*** Block opens ***

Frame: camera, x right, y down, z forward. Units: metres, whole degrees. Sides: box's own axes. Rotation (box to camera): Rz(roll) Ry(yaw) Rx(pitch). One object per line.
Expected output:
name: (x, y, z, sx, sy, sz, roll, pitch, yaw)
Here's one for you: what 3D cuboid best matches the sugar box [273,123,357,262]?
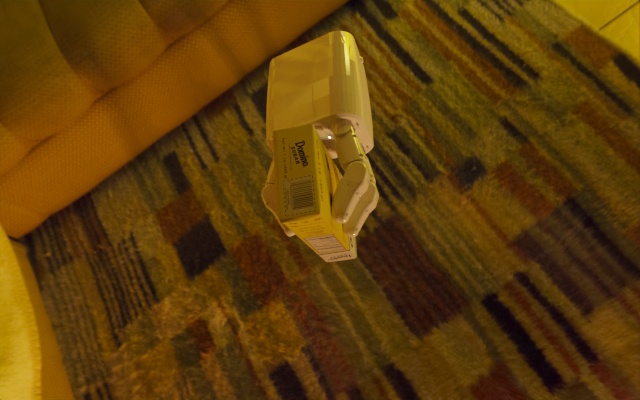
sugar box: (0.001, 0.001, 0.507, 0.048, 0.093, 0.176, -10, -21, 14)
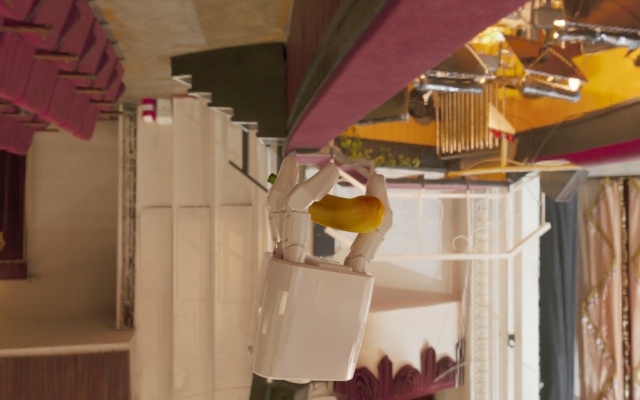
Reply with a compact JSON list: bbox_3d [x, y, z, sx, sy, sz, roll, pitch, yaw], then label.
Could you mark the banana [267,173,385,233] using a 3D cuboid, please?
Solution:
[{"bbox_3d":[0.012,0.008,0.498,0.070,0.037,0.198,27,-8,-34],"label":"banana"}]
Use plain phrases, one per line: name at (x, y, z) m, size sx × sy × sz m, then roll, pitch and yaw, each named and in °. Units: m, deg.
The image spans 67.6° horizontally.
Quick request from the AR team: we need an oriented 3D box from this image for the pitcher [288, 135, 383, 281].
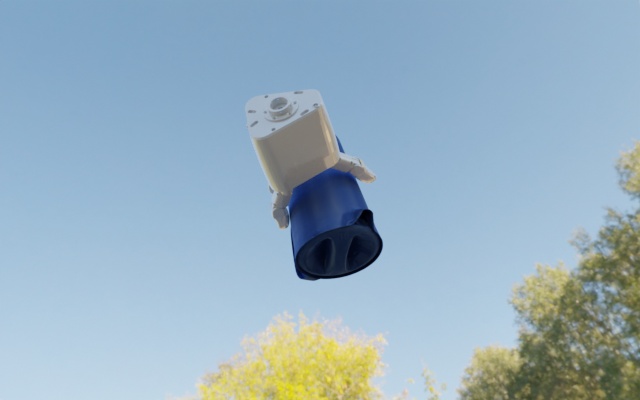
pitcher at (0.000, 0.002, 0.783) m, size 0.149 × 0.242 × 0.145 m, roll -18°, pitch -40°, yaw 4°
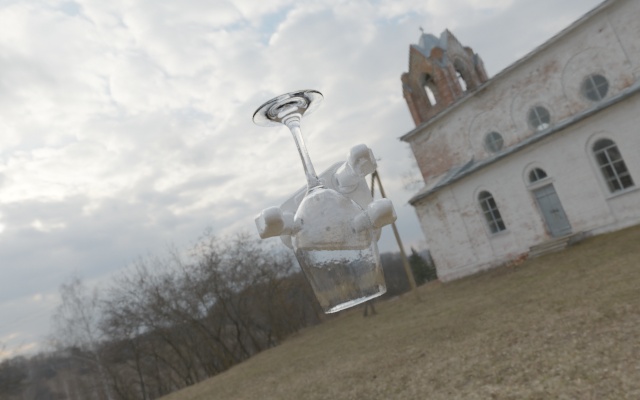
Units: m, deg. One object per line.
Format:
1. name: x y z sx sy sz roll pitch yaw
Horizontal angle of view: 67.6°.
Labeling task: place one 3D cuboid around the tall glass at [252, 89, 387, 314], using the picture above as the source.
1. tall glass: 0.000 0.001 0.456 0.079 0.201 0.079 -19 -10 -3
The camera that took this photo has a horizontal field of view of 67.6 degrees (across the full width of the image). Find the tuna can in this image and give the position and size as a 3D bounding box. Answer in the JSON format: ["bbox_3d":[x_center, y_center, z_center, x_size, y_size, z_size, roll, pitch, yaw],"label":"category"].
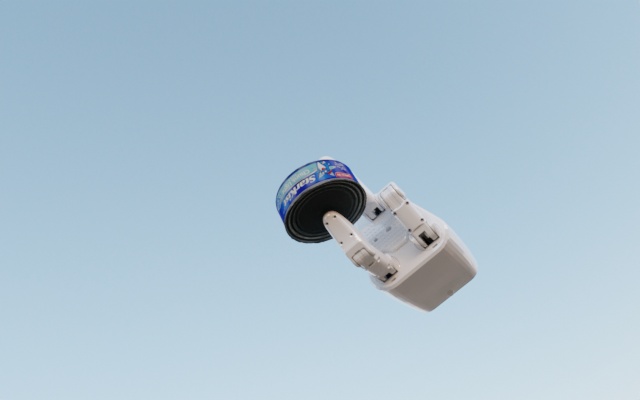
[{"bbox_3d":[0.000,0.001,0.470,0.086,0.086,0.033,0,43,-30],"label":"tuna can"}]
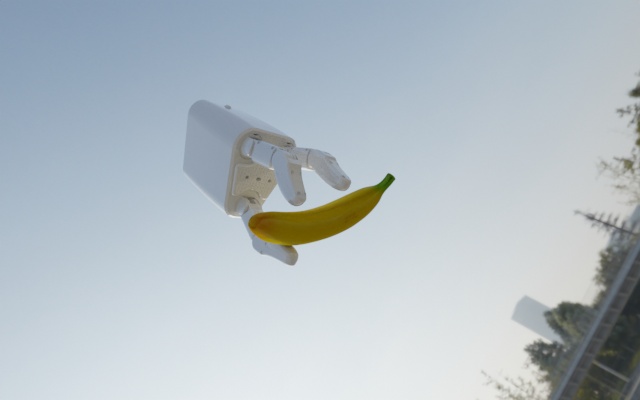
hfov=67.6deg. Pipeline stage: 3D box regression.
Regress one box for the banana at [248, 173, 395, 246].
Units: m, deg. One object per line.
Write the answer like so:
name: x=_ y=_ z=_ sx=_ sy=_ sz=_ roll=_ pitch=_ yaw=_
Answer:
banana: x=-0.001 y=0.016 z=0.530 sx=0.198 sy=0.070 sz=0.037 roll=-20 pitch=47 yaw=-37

*** Block closes ***
*** Block opens ***

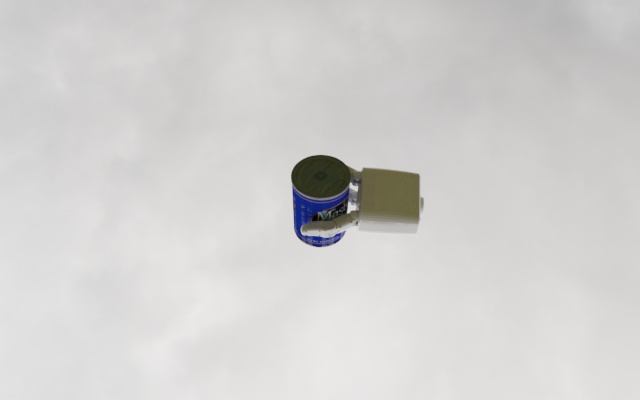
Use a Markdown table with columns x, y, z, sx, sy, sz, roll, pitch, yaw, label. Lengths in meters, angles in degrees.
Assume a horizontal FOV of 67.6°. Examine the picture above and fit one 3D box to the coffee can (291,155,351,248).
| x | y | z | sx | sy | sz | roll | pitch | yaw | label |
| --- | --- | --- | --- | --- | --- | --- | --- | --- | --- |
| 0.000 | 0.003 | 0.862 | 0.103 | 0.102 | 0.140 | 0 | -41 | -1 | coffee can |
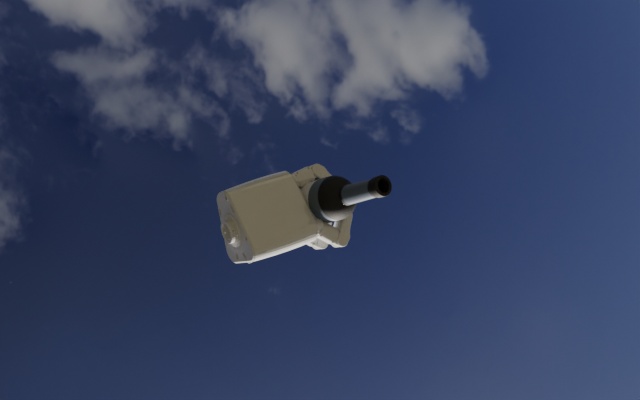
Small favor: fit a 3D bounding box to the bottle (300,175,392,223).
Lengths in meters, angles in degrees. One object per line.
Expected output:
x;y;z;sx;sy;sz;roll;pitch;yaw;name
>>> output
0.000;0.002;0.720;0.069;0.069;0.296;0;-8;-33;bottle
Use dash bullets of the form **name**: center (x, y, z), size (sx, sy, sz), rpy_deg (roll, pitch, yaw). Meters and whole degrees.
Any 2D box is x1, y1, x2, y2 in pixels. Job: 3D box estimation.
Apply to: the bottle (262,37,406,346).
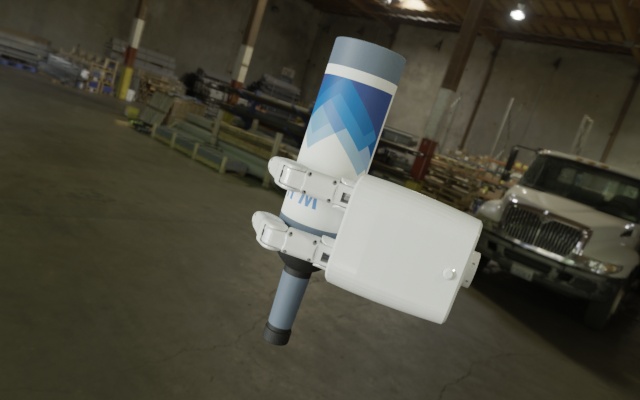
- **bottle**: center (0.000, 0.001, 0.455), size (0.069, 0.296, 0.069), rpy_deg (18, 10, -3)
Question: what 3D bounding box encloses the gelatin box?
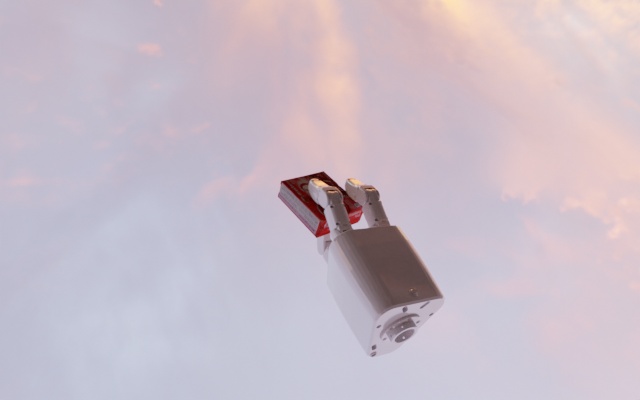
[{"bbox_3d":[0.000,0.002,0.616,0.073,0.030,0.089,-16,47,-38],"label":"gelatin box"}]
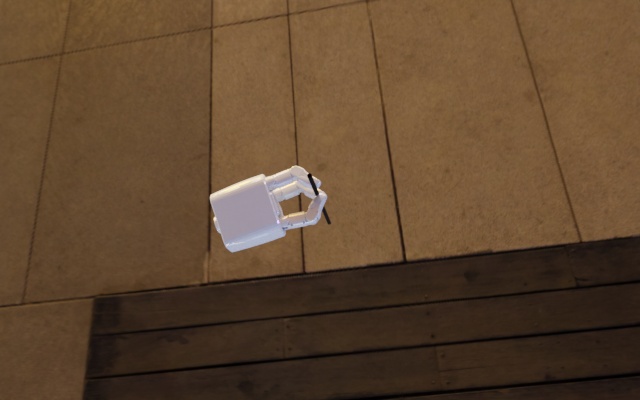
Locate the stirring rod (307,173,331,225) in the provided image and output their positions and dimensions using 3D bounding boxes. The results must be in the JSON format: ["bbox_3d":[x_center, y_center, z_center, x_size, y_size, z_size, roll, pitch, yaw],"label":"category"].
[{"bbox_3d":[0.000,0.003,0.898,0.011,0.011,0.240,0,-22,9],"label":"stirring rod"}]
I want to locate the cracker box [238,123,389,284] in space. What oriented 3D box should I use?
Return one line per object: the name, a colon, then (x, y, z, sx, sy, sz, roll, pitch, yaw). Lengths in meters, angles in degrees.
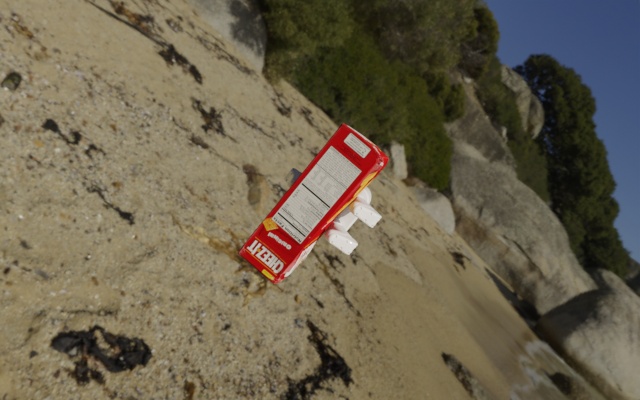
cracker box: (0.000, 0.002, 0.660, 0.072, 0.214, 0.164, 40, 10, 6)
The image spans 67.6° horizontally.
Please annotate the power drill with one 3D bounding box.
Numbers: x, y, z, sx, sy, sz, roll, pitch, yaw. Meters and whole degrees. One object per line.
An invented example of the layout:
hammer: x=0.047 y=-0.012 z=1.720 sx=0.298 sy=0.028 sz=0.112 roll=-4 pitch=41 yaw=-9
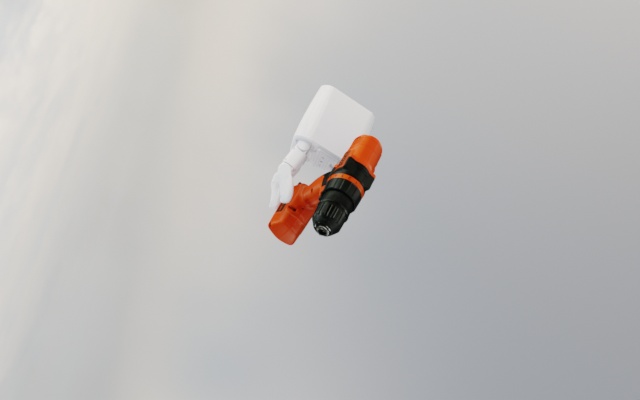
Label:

*** Block closes ***

● **Exercise**
Search the records above for the string "whole" and copy each line that holds it.

● **Solution for this exercise**
Frame: camera, x right, y down, z forward. Units: metres, whole degrees. Sides: box's own axes. Rotation (box to camera): Rz(roll) Ry(yaw) Rx(pitch). One object per line.
Use dash bullets of the form **name**: center (x, y, z), size (sx, sy, sz), rpy_deg (roll, pitch, yaw). Meters and whole degrees.
Numbers: x, y, z, sx, sy, sz, roll, pitch, yaw. Meters and whole degrees. One object per line.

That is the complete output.